Current recommendations for LAI use
While LAI antipsychotics offer a number of advantages over oral agents in reducing patient morbidity and the cost of care, a number of recent surveys have observed that clinicians are often reluctant to initiate an LAI antipsychotic early in the treatment course (Samalin et al. J Nerv Ment Dis 2013;201:553-559; Geerts et al. BMC Psychiatry 2013;13:58). This attitude appears to be especially common in Canada, where physicians often see LAIs as a treatment of last resort for patients with a history of poor adherence (Iyer et al. Can J Psychiatry 2013;58[5 Suppl 1]:23S-29S). As a result, LAI antipsychotic use in Canada is estimated to be 6.3% (Williams et al. Acta Psychiatr Scand Suppl 2006;113:12-21), lower than the rate reported for any other country (Manchanda et al. Can J Psychiatry 2013;58[5 Suppl 1]:5S-13S; free full text at http://publications.cpa-apc.org/media.php?mid=1506).
Canadian and Québec clinical guidelines now recommend that the use of LAI antipsychotics should be discussed with patients and families throughout the disease course, most importantly during the first 2-5 years after diagnosis (Malla et al. Can J Psychiatry 2013;58[5 Suppl 1]:30S-35S; free full text at http://publications.cpa-apc.org/media.php?mid=1509); Stip et al. Can J Psychiatry 2011;53:367-376). Patients and their families should be informed about the potential advantages of monthly injections in reducing the risk of relapses and hospitalizations, and the benefits of adherence throughout the treatment course.
Comment
Dr. Marc-André Roy: The underutilization of LAIs in Canada has been the subject of much attention in recent years.
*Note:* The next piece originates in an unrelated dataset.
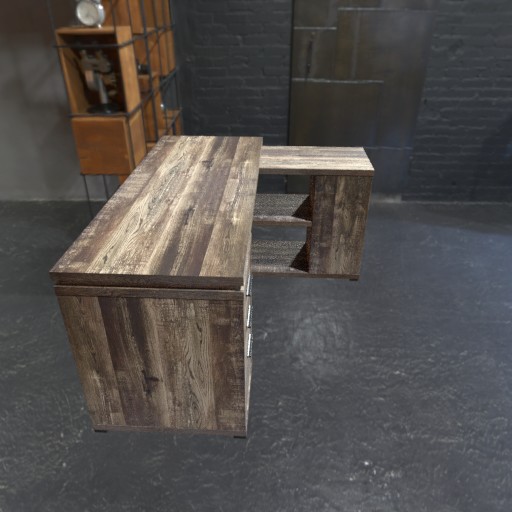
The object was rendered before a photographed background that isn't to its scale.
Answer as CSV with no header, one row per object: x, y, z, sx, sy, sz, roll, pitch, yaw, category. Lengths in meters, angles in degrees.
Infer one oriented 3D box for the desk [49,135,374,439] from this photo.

Besides patients’ reluctance in accepting them, prescribers’ misconceptions of the role of LAIs – often seen as inherently coercive or as an option only in very severely ill patients – contribute to this underutilization.
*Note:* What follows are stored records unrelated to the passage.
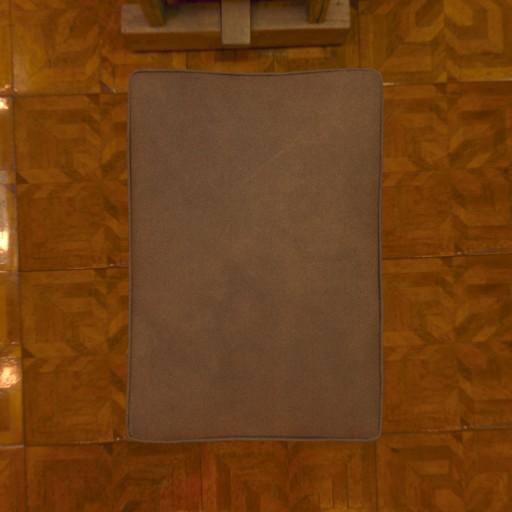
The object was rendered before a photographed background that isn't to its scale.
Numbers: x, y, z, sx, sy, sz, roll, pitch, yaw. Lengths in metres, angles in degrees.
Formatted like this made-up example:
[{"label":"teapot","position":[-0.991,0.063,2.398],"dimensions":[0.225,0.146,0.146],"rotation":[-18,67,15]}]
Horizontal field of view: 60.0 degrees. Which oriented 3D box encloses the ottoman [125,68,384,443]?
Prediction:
[{"label":"ottoman","position":[0.000,0.000,1.190],"dimensions":[0.596,0.481,0.860],"rotation":[0,90,0]}]
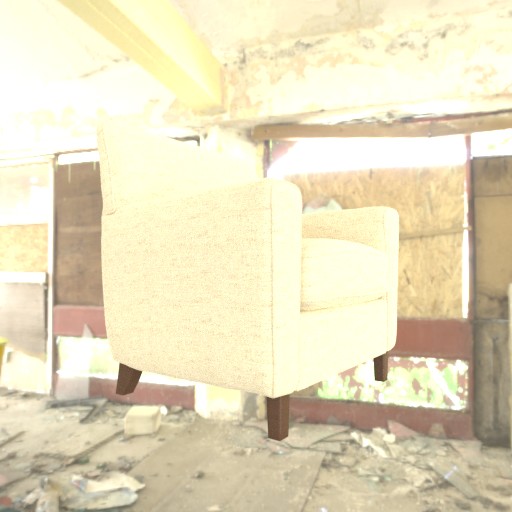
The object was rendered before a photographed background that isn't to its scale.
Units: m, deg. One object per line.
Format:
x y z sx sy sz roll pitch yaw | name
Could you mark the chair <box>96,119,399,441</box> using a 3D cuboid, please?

But when LAIs are presented properly in the course of shared decision-making between the clinician and patients, a fairly large proportion will choose this treatment option. Furthermore, most experts in the field advocate that LAIs be offered early on in the course of treatment, given their positive effect on treatment adherence, and given the dramatic negative impact of relapses on the outcome of people at the early stage of psychosis, as stressed in the present article.
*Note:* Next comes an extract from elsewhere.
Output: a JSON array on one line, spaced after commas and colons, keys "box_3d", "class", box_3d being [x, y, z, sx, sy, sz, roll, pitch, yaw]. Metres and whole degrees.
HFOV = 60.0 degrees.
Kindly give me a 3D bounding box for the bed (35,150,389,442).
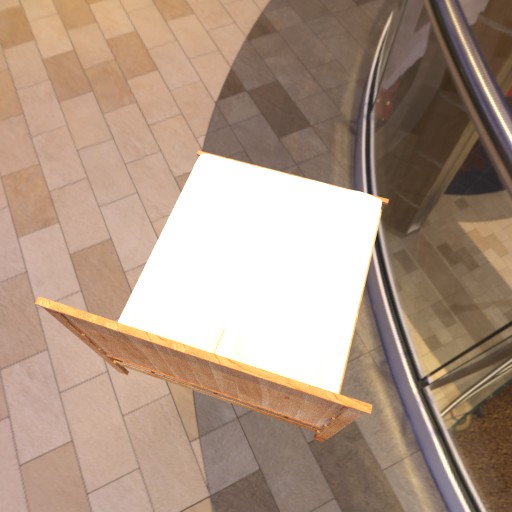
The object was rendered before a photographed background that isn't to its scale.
[{"box_3d": [0.000, 0.000, 4.159, 2.225, 1.938, 2.530, 16, 63, 8], "class": "bed"}]

Another issue that certainly contributes to underutilization is that there is still only a limited array of molecules available in an LAI formulation. Given the broad differences in side-effect profiles across molecules, and of efficacy and tolerability in given individuals, it may be difficult for some patients to find a long-acting injectable that will be both efficacious and well-tolerated. Hence, the addition of new long-acting forms of antipsychotics is always very good news for clinicians and their patients. The recent approval of a LAI formulation of aripiprazole is thus welcomed by clinicians, particularly given its relatively benign side-effect profile, most notably with regard to extrapyramidal and metabolic effects.
Dr. Roy is Associate Professor of Psychiatry and Neurosciences, Université Laval, Québec City, Canada.